This week’s movie at the Gold Town Nickelodeon is called “Blue is the Warmest Color.” This film is universally lauded and won the Palme d’Or at Cannes Film Festival, a feat that puts it in the same ranks as “Amour,” “The Pianist,” “Pulp Fiction,” “The Piano,” “Barton Fink,” and a little film from a while back called, “Apocalypse Now.”
Near as I can tell, it’s the only NC-17 movie to have won the Palme d’Or.
By all accounts, this film is a moving coming of age story of a teenager’s blossom into adulthood — a trite, but tried and true, motif. So good in fact that some theaters have waved the NC-17 requirement for teenagers as long as parents are informed about what they’re getting into. The Gold Town Nickelodeon plans to do this as well.
The Motion Picture Association of America established the NC-17 rating in the late 1980s. The MPAA board attaches NC-17 ratings to movies with such (theoretically) explicit adult material that no parent would want their child to see the film. Officially, the rating can be based on “violence, sex, aberrational behavior, drug abuse or any other element that most parents would consider too strong.” No children 17 or under are allowed in to an NC-17 movie.
Children can attend an R-rated movie as long as they are accompanied by an adult.

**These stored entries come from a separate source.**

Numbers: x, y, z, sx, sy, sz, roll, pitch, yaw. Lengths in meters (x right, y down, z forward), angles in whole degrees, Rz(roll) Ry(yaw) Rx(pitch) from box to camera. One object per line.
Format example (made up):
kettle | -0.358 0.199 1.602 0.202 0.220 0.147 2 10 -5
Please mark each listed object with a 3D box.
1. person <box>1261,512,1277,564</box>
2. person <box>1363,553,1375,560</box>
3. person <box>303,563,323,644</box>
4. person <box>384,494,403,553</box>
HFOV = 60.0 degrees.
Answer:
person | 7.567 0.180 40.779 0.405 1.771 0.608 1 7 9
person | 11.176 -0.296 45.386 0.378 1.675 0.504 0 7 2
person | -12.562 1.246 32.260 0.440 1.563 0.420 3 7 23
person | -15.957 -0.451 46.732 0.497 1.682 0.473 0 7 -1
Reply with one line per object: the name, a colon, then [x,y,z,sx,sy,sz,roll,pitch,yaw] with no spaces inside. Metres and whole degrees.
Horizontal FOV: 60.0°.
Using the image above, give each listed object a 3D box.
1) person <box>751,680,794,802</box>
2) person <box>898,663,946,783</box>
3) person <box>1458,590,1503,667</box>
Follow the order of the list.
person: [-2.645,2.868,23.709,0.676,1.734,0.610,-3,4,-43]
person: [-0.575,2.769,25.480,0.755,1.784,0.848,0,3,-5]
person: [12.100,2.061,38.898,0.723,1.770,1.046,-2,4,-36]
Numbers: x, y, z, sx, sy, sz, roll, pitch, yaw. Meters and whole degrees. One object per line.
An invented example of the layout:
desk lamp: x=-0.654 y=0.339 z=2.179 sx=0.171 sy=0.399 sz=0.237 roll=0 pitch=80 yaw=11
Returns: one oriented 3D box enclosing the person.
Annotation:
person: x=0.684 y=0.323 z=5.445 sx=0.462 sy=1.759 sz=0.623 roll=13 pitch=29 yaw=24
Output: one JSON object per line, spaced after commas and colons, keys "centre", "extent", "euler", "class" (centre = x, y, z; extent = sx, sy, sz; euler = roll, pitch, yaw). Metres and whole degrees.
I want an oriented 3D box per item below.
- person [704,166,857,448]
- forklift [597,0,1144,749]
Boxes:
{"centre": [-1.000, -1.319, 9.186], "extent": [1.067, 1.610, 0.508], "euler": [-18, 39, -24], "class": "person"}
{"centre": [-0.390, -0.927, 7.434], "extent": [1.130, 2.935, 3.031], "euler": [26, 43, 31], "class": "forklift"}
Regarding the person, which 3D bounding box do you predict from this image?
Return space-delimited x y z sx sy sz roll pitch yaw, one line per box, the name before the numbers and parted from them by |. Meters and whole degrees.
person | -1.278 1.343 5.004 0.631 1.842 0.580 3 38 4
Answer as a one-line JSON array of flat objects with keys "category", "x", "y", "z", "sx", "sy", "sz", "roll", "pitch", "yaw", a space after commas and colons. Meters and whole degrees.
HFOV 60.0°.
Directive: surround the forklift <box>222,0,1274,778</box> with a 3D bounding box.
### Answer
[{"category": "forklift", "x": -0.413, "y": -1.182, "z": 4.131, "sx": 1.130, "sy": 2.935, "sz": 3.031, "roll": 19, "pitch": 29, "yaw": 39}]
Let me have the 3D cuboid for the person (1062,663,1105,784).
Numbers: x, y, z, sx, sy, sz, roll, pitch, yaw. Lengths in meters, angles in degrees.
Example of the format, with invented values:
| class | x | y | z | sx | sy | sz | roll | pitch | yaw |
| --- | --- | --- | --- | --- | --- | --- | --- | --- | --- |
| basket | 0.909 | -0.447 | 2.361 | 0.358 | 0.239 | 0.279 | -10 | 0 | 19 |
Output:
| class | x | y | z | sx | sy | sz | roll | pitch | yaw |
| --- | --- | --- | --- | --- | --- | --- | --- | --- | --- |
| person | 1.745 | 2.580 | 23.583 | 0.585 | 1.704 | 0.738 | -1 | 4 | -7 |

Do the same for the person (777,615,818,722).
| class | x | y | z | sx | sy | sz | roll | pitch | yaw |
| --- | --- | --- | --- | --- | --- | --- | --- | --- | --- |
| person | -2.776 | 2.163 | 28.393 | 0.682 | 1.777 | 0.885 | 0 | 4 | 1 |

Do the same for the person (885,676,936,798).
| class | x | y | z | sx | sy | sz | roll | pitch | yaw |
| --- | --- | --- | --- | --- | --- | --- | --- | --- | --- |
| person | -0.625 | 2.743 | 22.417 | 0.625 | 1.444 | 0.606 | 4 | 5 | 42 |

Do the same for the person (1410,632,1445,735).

I’m not going to bash the concept of a rating system. I’m a parent and there should be some guide to help us make entertainment choices for ourselves and our kids. Nor am I such a prude as to think a family could never go to, say, an R-rated film. The R-rated movie “Terms of Endearment” is a defining movie for me. I saw it when I was 11 with my parents. For the first time I was engrossed in a film tackling adult themes like death and divorce.
I will bash how the MPAA applies ratings. Bursts of bad language tag otherwise tame films — like “Terms of Endearment,” “Plains, Trains, and Automobiles,” “The King’s Speech,” and many others — with an R-rating. These are great films. I’d have no problems letting my 10 year old see them. Yet the same R-rating applies to torture-porn bloodbaths like “Hostel,” or “Saw.” These movies, and their serial killer ilk, highlight sliced body parts, exploding body parts, anguished screams, and other terrible sick things.
And then there’s sex. I don’t know how many of us adults have ever had our Achilles tendon sliced by a torturer (“Hostel”), but many of us have had sex. Yet the MPAA treats sex much like a good ol’ ankle slicing. The moment a boob, butt, or phallus appears, you might as well open up the cavity of a co-ed camper and bathe in her guts. An R-rating will be slapped on the movie like a postal worker slaps a stamp on a Christmas package.
My guess is the rating system is bean counting. Count the number of curse words, meet a threshold, get an R. Whoops, there a flexing buttocks; get an R. One gut shot gets a PG-13; you need two for an R. One gallon of blood is PG; it’ll take a couple more for an R.
Ratings make no sense. The gatekeepers of cultural decency have codified an equivalency between nudity, sex, and language, and gunshots to the head. I would even go so far as to say the gatekeepers prioritize censoring sex and language over violence. In fact, a recent study found more gunplay in PG-13 films today than in R films 20 years ago. (www.cnn.com/2013/11/11/health/gun-violence-movies/index.html).
You would think then, given the “violence, sex, aberrational behavior, drug abuse” the MPAA must consider for an NC-17, that an NC-17 film must show the most graphic depictions of human depravity — the hell of slavery, the tragedy of child abuse, the aftermath of nuclear war. You’d be wrong. By and large, only one of those four criteria lead to an NC-17: frank depictions of sex.
So parents, as a public service, if you are considering bringing your teen to “Blue is the Warmest Color,” allow me to inform you about what you’re getting in to. This movie about two teenagers who fall in love has at some point about ten minutes of frank, explicit, well-lit, lesbian sex.
And I don’t care how relaxed you are about sex, it’s still going to be awkward sitting next to your teenager as two females get down on screen for a loooooong time.
This could be good though. If your parenting goal is for your child to delay sex, then there is no better strategy than to associate yourself — the parent — with sex. It’s a strategy scientifically proven to shrivel the pituitary gland. You could, if so inclined, lean over at some point during the long lesbian sex scene and ask, “Do you have a pen. I may need to take notes.” Then whisper at some point, “Wow!” and maybe follow that up with a barely audible, “Might have to try that with your mom.”
The kid’s not having sex for the next 20 years.
But hey, maybe the sex thing is too icky. You can always take them to the current blockbuster, a PG-13 action adventure showcasing plenty of morally uplifting stabbings, whippings, and arrows to the chest.
"Blue is the Warmest Color" continues Thursday through Saturday, Dec. 5-8 at the Gold Town.